§ **Problem**
Line by line, transcribe the data below exactly and pass over the images.

§ **Records for this task**
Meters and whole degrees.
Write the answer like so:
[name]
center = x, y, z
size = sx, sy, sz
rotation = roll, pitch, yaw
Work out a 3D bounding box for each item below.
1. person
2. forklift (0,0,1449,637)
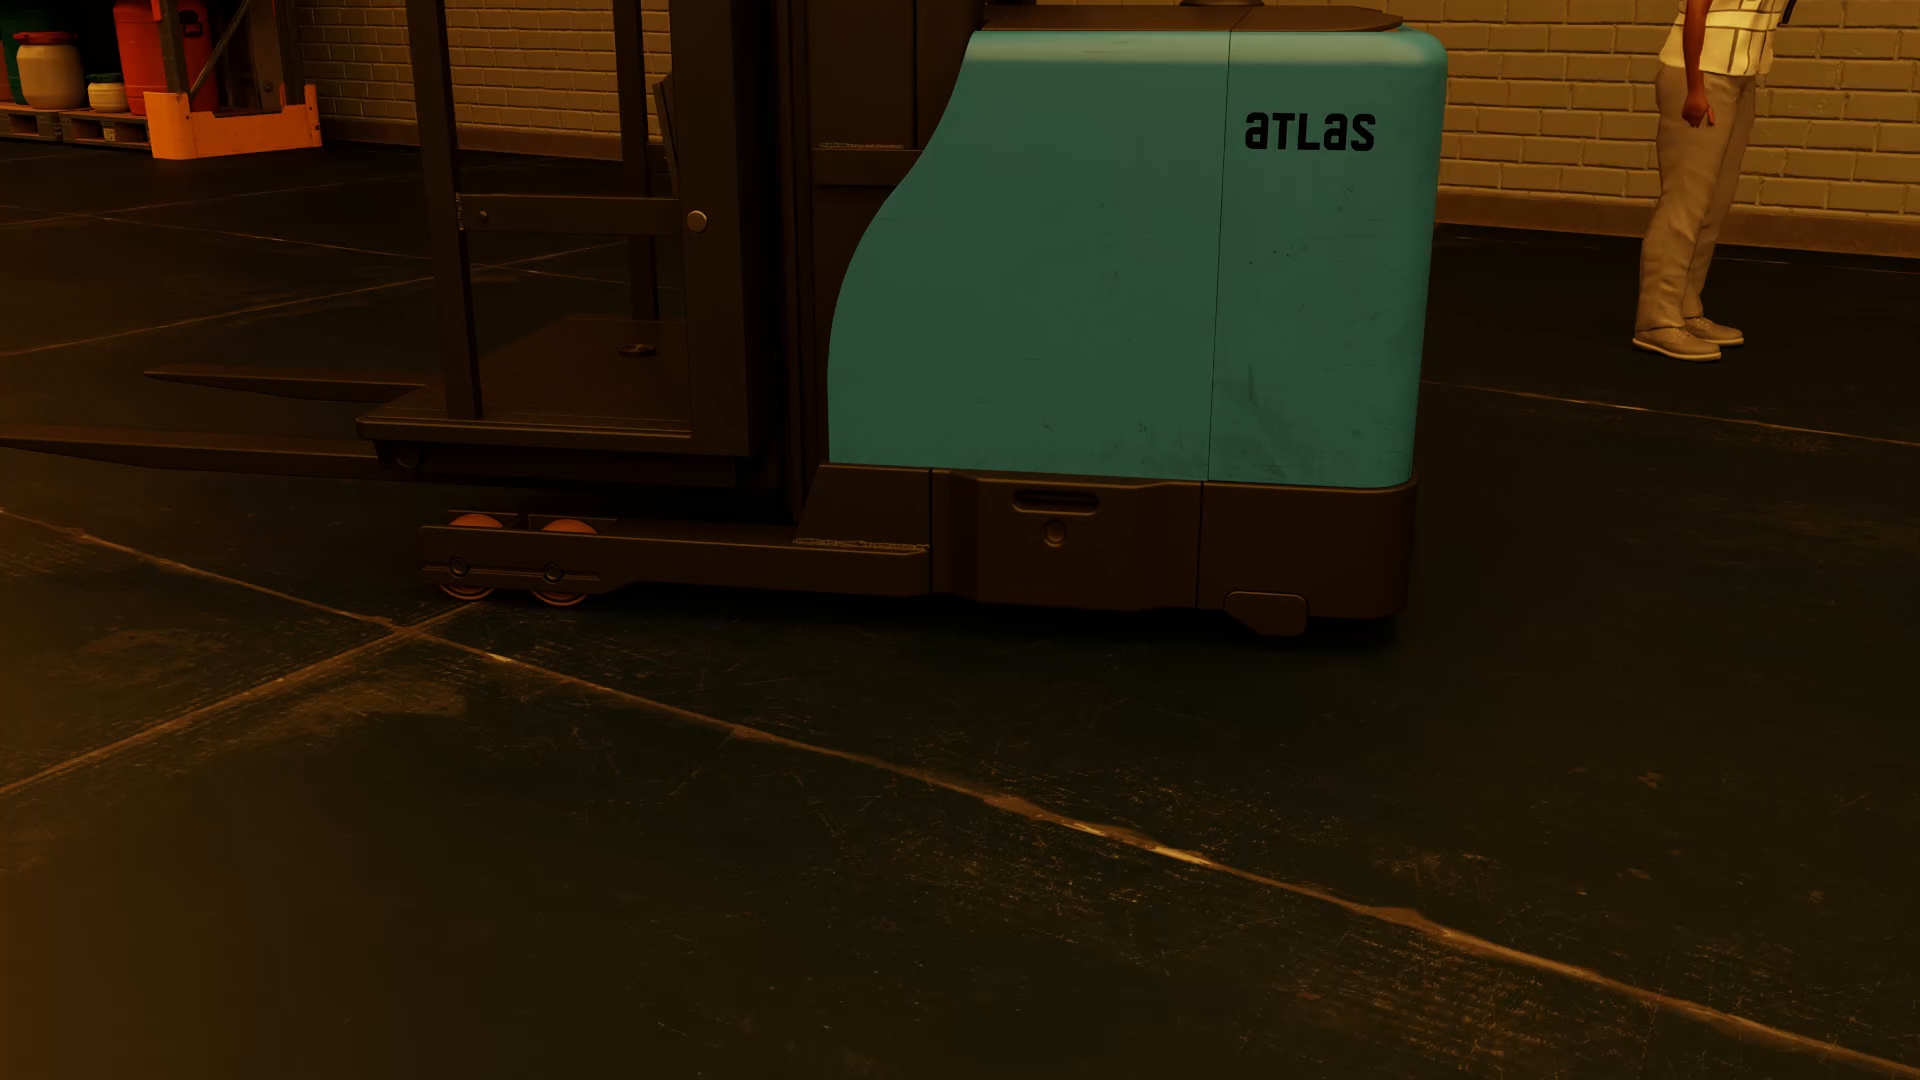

§ **Problem solution**
Meters and whole degrees.
Write the answer like so:
[name]
center = x, y, z
size = sx, sy, sz
rotation = roll, pitch, yaw
Work out a 3D bounding box for each item below.
1. person
2. forklift (0,0,1449,637)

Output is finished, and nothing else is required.